▶ _PROBLEM_:
The expected result is the full listing, retyped exactly, without a single picture.

▶ _AVAILABLE RECORDS_:
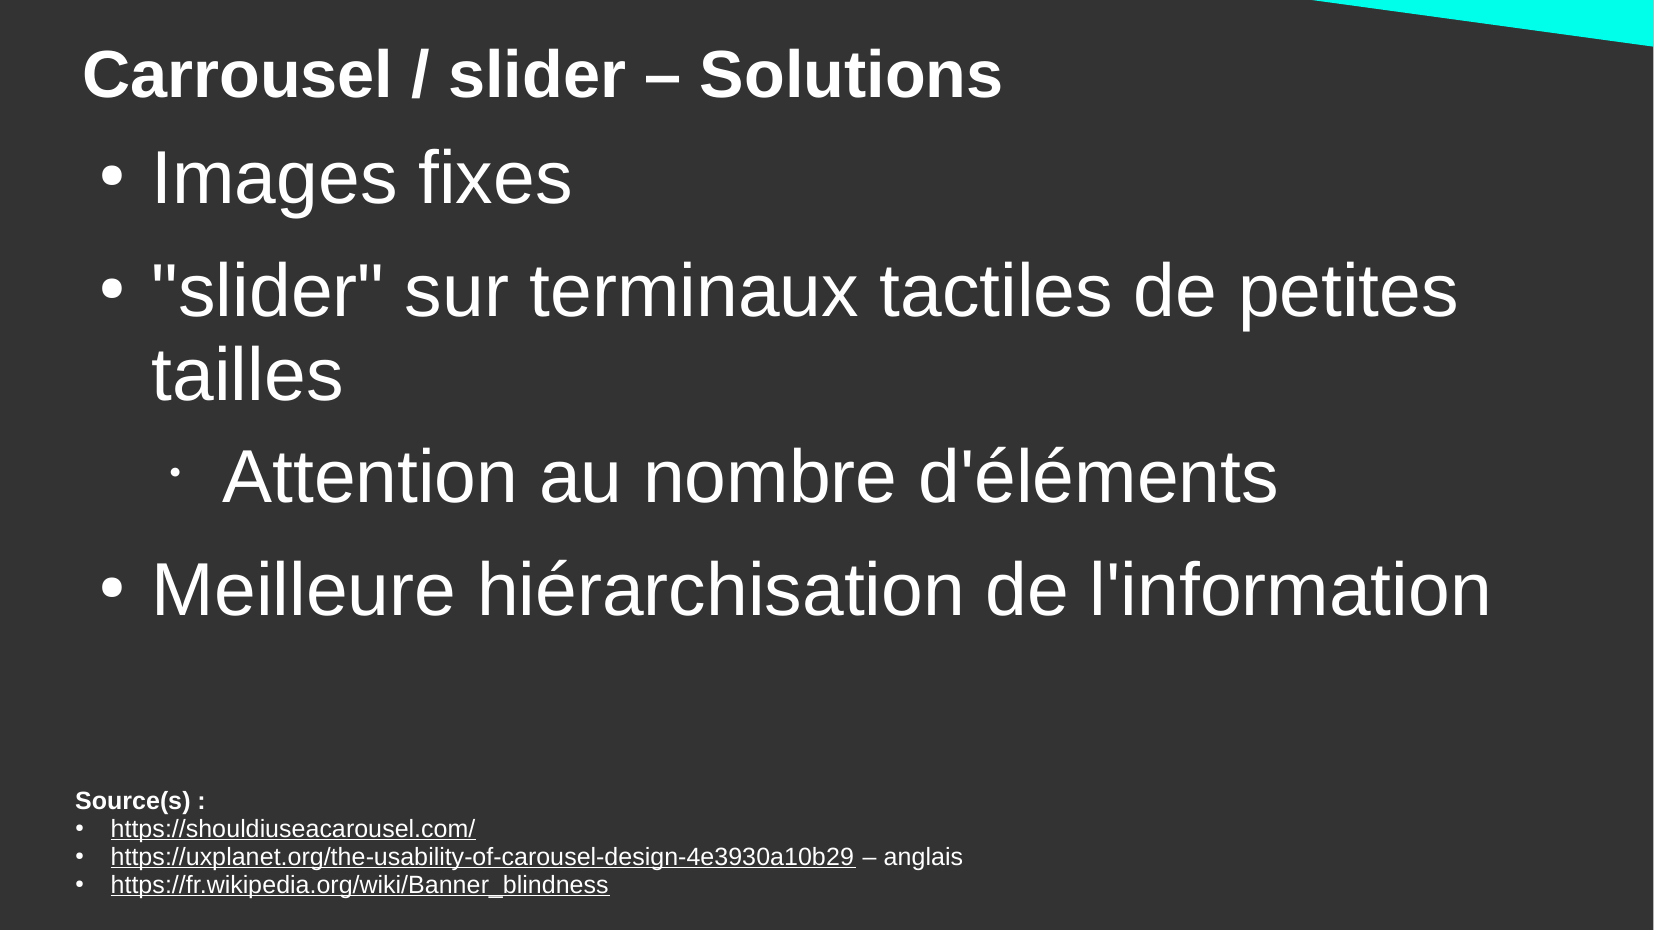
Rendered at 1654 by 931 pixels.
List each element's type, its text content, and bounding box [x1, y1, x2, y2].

title Carrousel / slider – Solutions [82, 37, 1571, 114]
list Images fixes "slider" sur terminaux tactiles de petites tailles Attention au nombre d'éléments Meilleure hiérarchisation de l'information [80, 135, 1620, 709]
text_box [1311, 0, 1654, 47]
text_box Source(s) : https://shouldiuseacarousel.com/ https://uxplanet.org/the-usability-of-carousel-design-4e3930a10b29 – anglais https://fr.wikipedia.org/wiki/Banner_blindness [60, 779, 1546, 931]

▶ _THE ANSWER_:
Rendered at 1654 by 931 pixels.
List each element's type, its text content, and bounding box [x1, y1, x2, y2].

title Carrousel / slider – Solutions [82, 37, 1571, 114]
list Images fixes "slider" sur terminaux tactiles de petites tailles Attention au nombre d'éléments Meilleure hiérarchisation de l'information [80, 135, 1620, 709]
text_box [1311, 0, 1654, 47]
text_box Source(s) : https://shouldiuseacarousel.com/ https://uxplanet.org/the-usability-of-carousel-design-4e3930a10b29 – anglais https://fr.wikipedia.org/wiki/Banner_blindness [60, 779, 1546, 931]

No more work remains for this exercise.